Carroll Andrew Morse

Senator Jack Reed and Senator Lincoln Chafee have helped broker a deal to bring heating oil assistance supplied by Venezuelan autocrat Hugo Chavez. Senator Reed has no problem doing business with Chavez because he believes the deal is not political. According to John E. Mulligan in the Projo

Sen. Jack Reed has minimized the controversy, saying that the first associaton many people have with Citgo is the company's sign near Fenway Park in Boston.
Citgo is a subsidiary of Venezuela's state-run oil company.

From what the Projo presents, Senator Chafee goes further in justifying dealing with Chavez. Chafee blames America first…

Sen. Lincoln D. Chafee said he can understand why Chavez believes he has not been accorded respect by the Bush administration. Chafee said Mr. Bush should invite Chavez to the Oval Office for a meeting. Noting that Chavez has ties to Cuban President Fidel Castro, Chafee partly attributed the bad blood between the two governments to Mr. Bush's desire to pander to Cuban-Amercans in Florida before the 2004 election.
If Senator Chafee thinks that Chavez bears any responsibility for strained US-Venezuela relations, the Projo does not mention it.

Supporters of the assistance program point out, reasonably, that it is unfair to single out the Chavez government for vilification. America does business with lots of bad characters to keep the oil flowing. The world’s largest oil producer, Saudi Arabia, is not exactly a bastion of civil liberties.

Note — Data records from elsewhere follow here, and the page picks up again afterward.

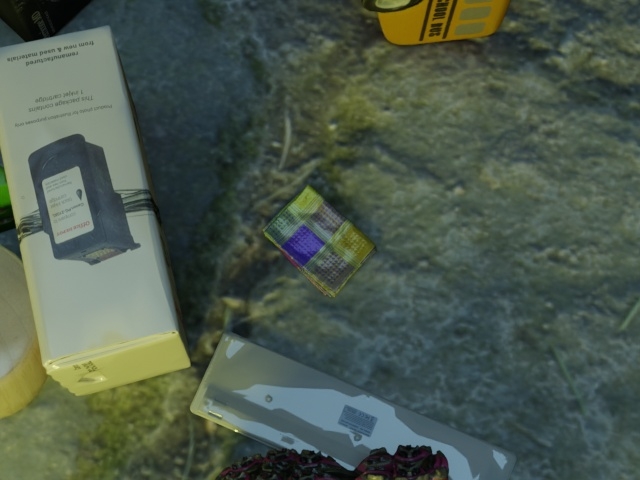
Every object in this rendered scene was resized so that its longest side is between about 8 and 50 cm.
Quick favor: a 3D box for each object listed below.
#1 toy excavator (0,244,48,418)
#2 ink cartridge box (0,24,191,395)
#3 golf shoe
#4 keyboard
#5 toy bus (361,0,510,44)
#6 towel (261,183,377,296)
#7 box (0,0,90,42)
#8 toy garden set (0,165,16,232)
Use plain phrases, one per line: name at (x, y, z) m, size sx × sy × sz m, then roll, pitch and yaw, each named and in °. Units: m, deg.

But no one pretends that Saudi Arabia is a liberal democracy. President Bush himself has called for political reform in Saudi Arabia. Here is President Bush speaking before the National Endowment for Democracy this past October…

By standing for the hope and freedom of others we make our own freedom more secure.

America is making this stand in practical ways. We're encouraging our friends in the Middle East, including Egypt and Saudi Arabia, to take the path of reform, to strengthen their own societies in the fight against terror by respecting the rights and choices of their own people.

As the President is willing to challenge the Saudi government about its need to respect the rights and choices of its people, are Senators Reed and Chafee willing to challenge the Venezuelan government to respect the rights and choices of its people? Ironcially, the chain of events leading to the oil assistance deal provides a perfect context in which to do so....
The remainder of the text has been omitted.